## Data extracted from a collection
######
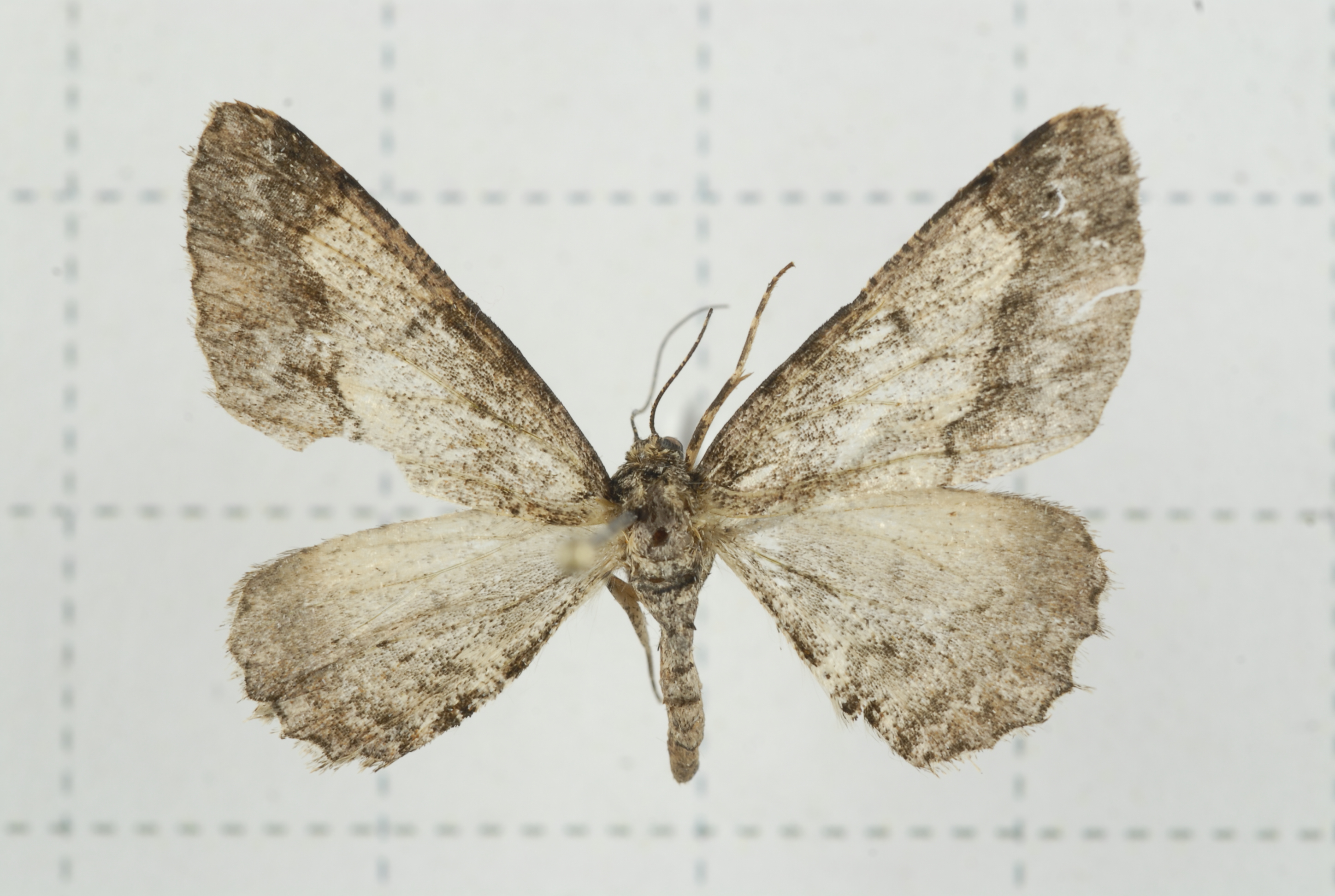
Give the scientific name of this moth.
Alcis taiwanovariegata
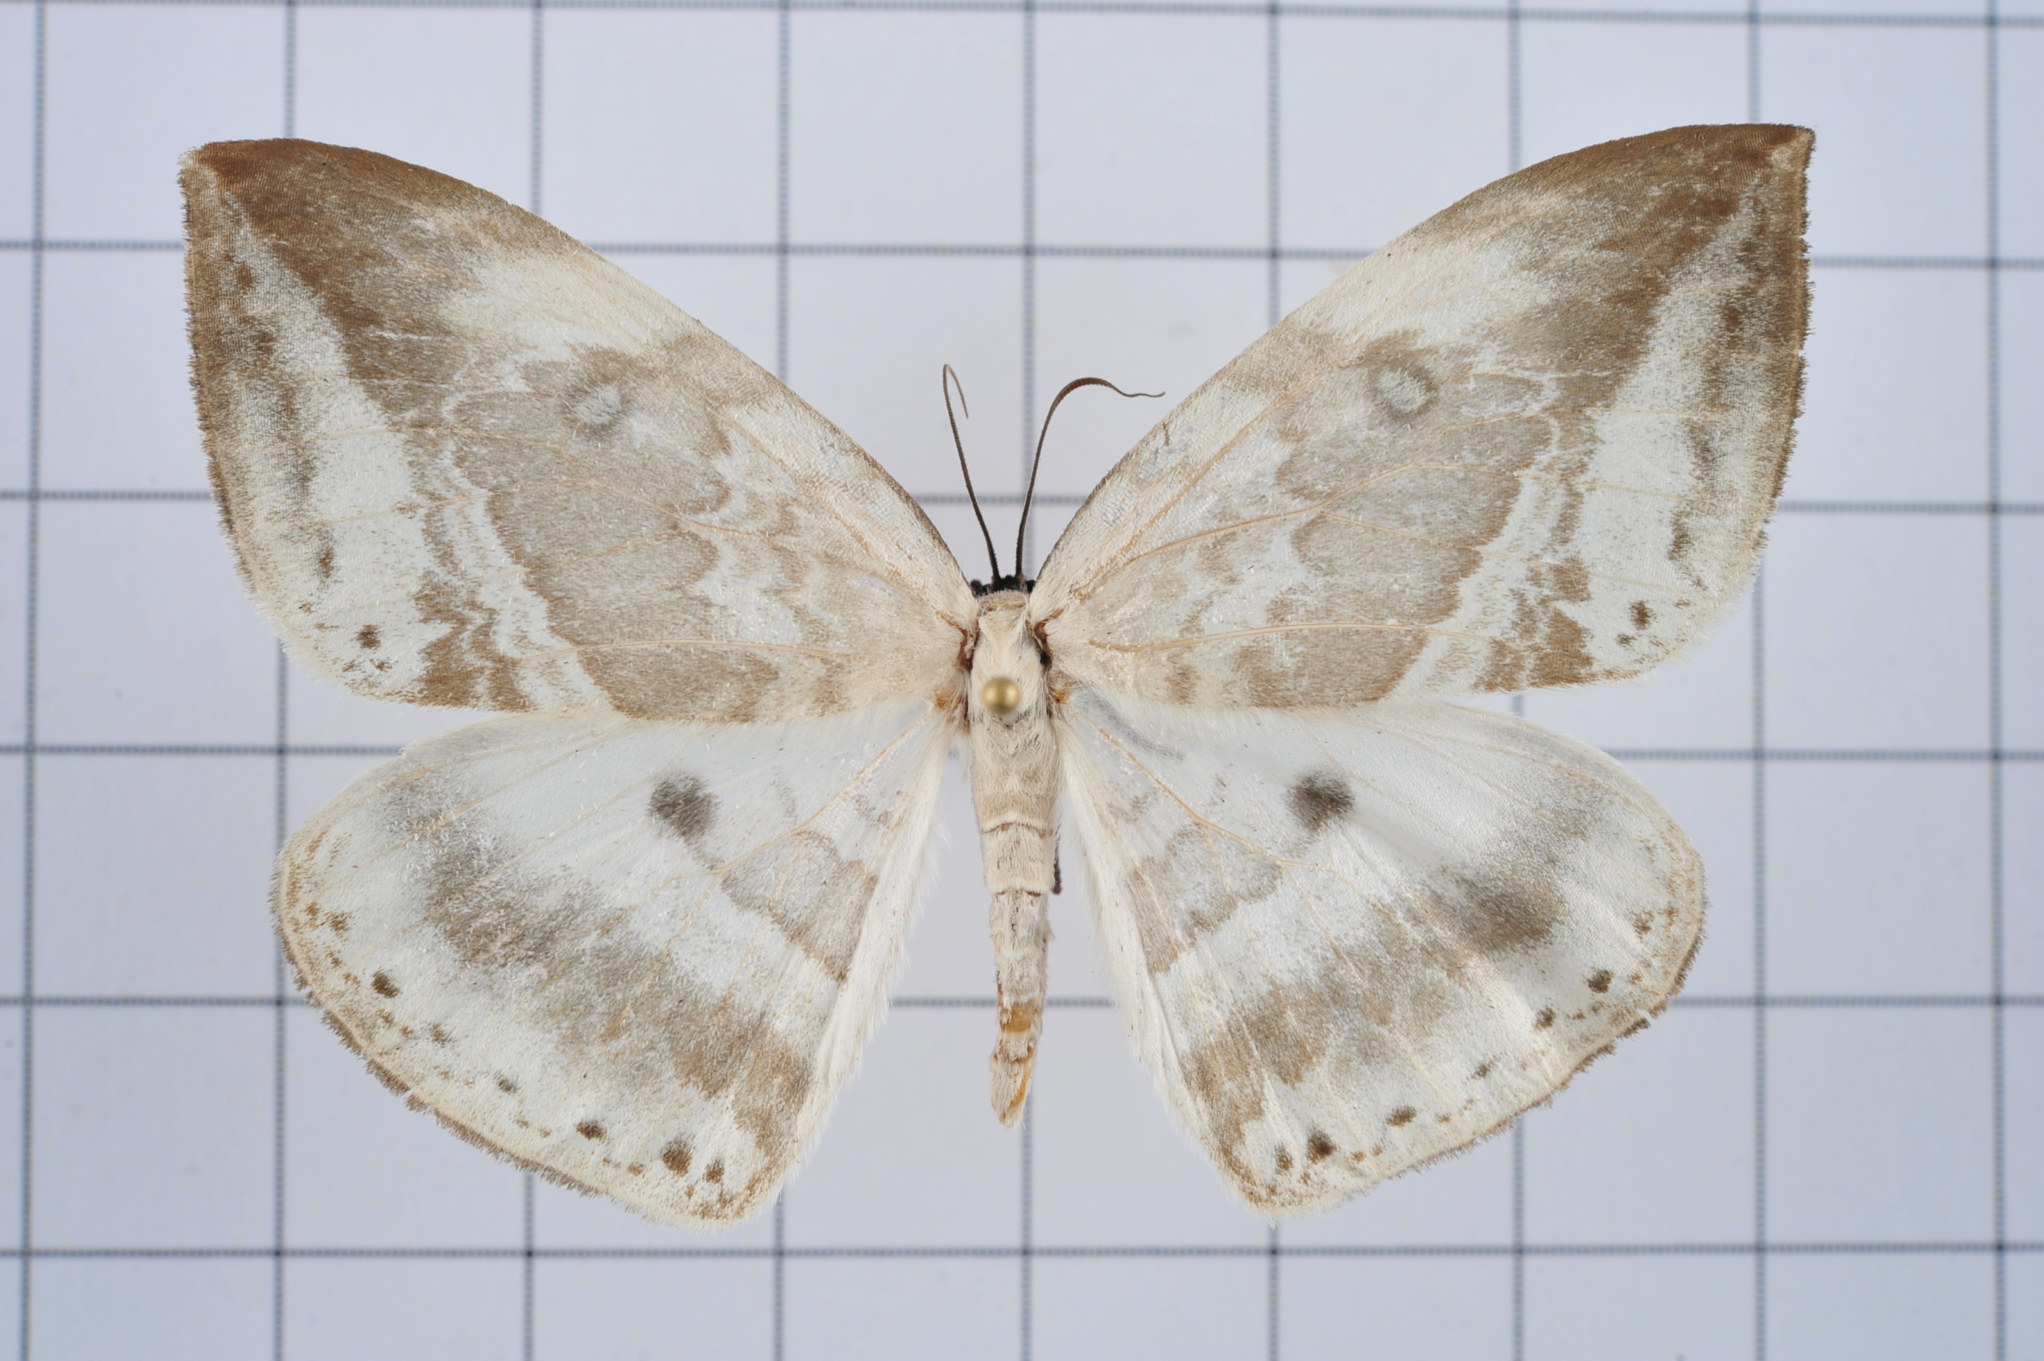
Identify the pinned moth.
Cyclidia substigmaria substigmaria
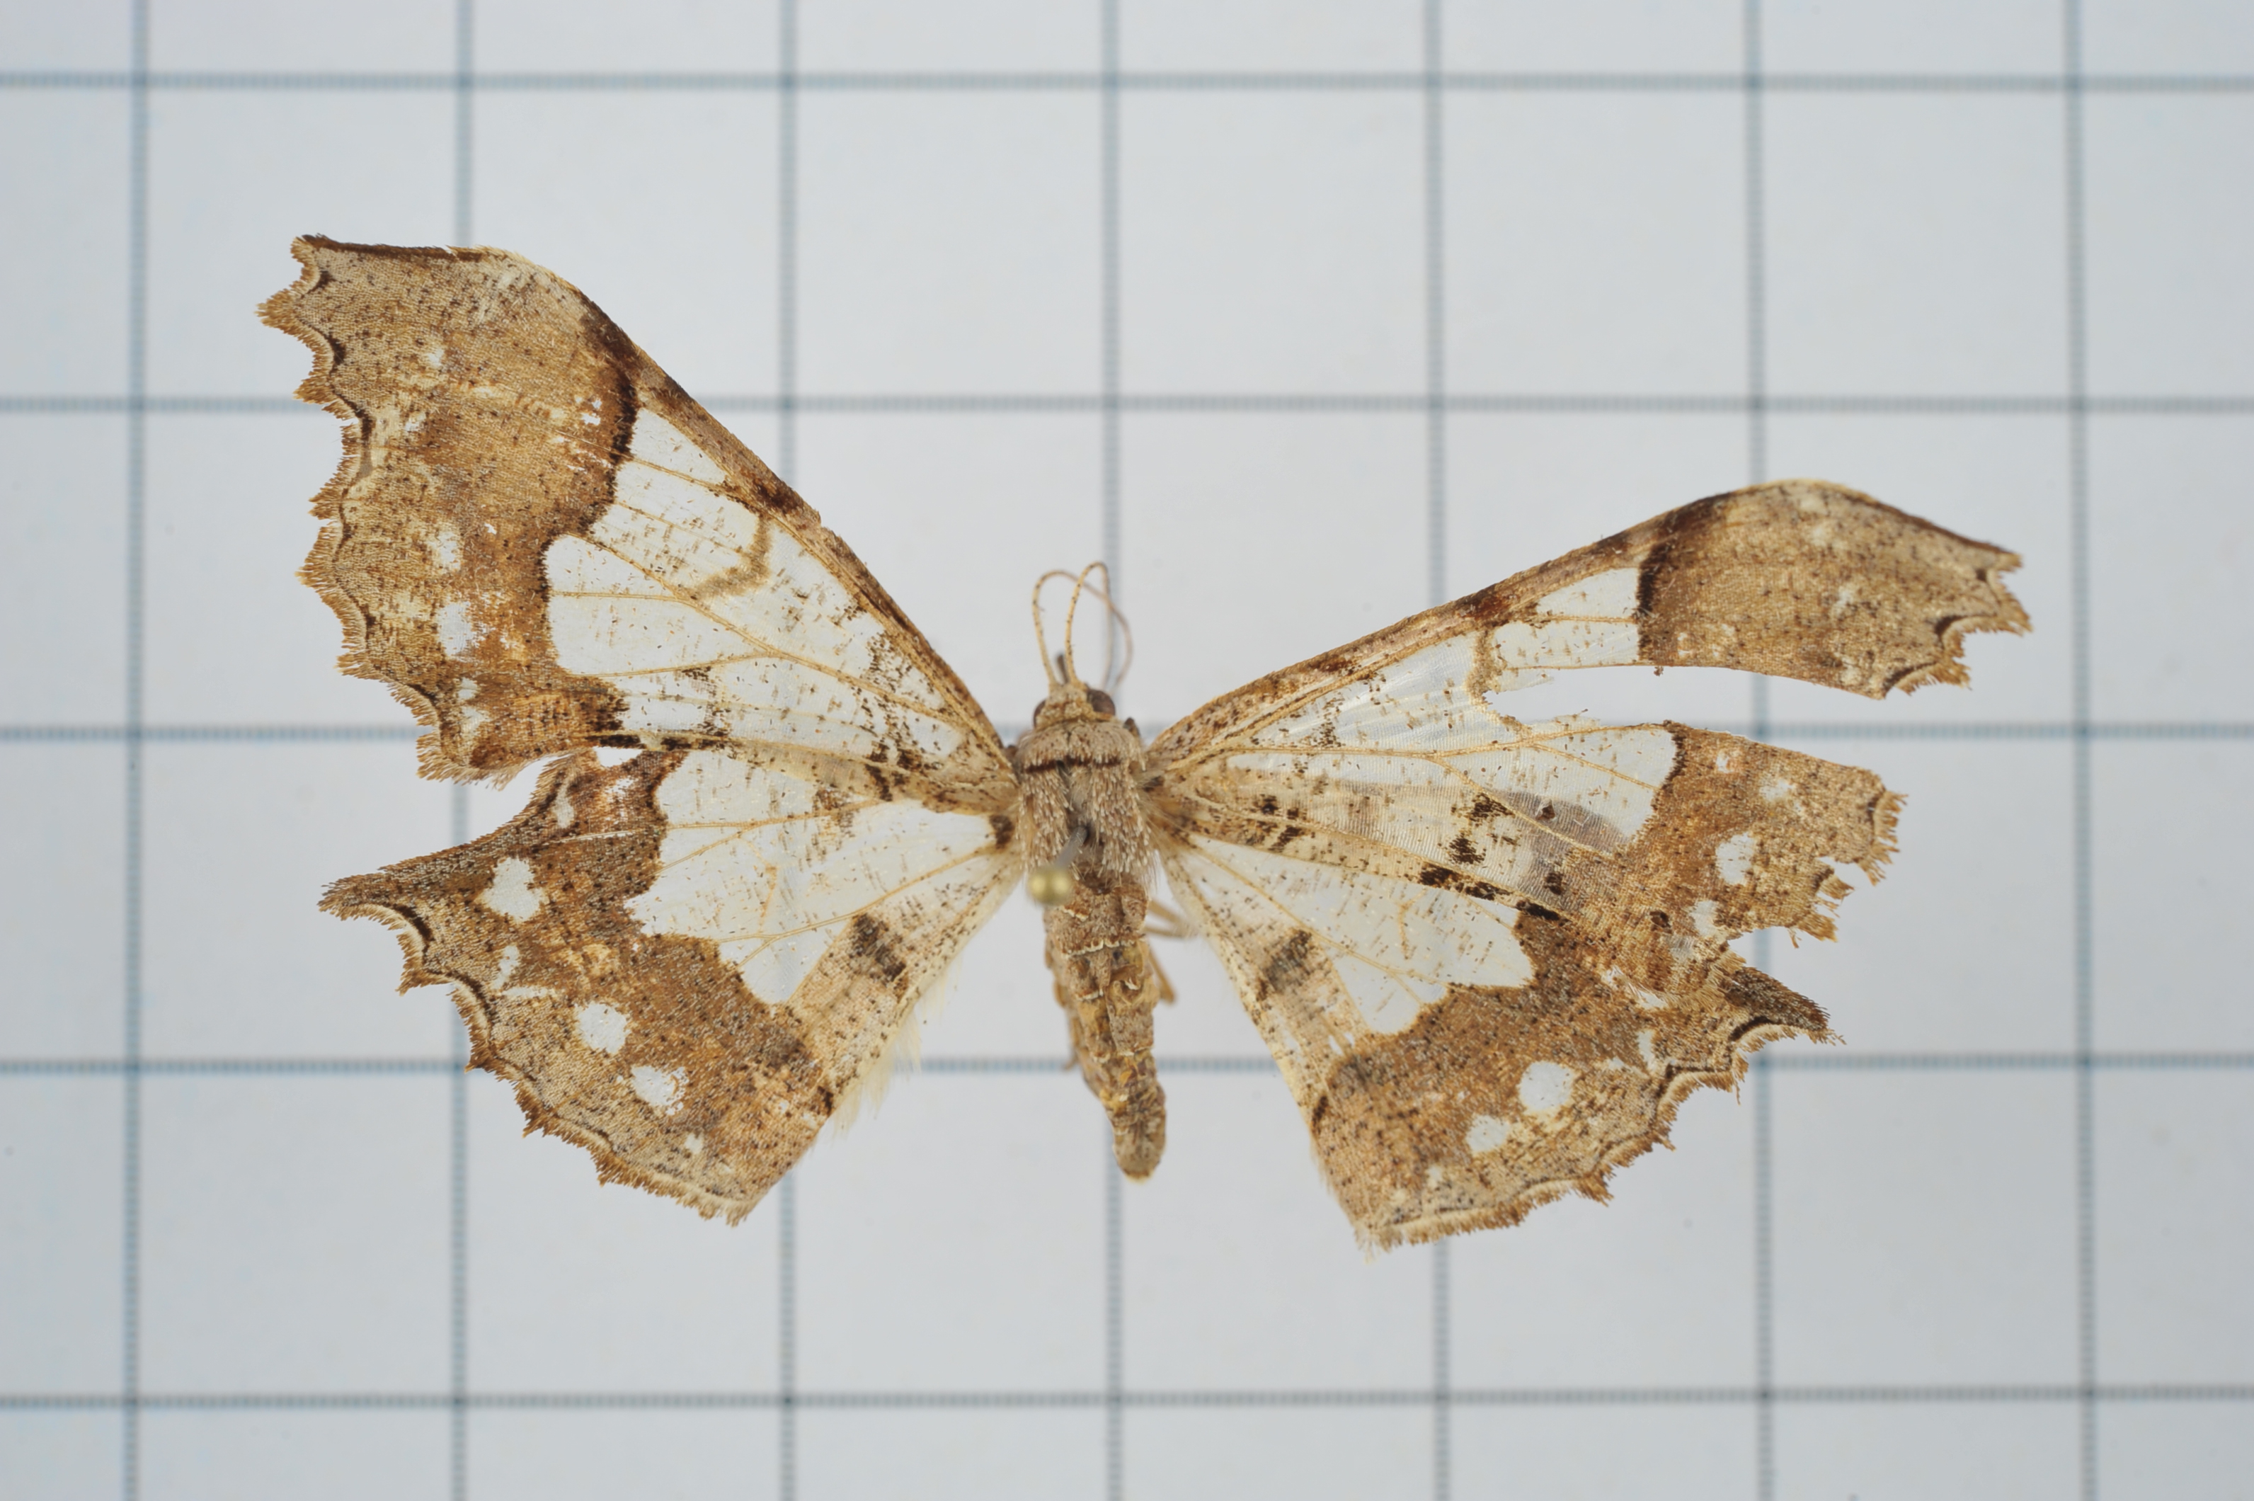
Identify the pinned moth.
Krananda semihyalina
######
## What is needed
What is needed is every entry written out word for word, with no pictures.

## Exercise solution
Give the scientific name of this moth.
Alcis taiwanovariegata
Identify the pinned moth.
Cyclidia substigmaria substigmaria
Identify the pinned moth.
Krananda semihyalina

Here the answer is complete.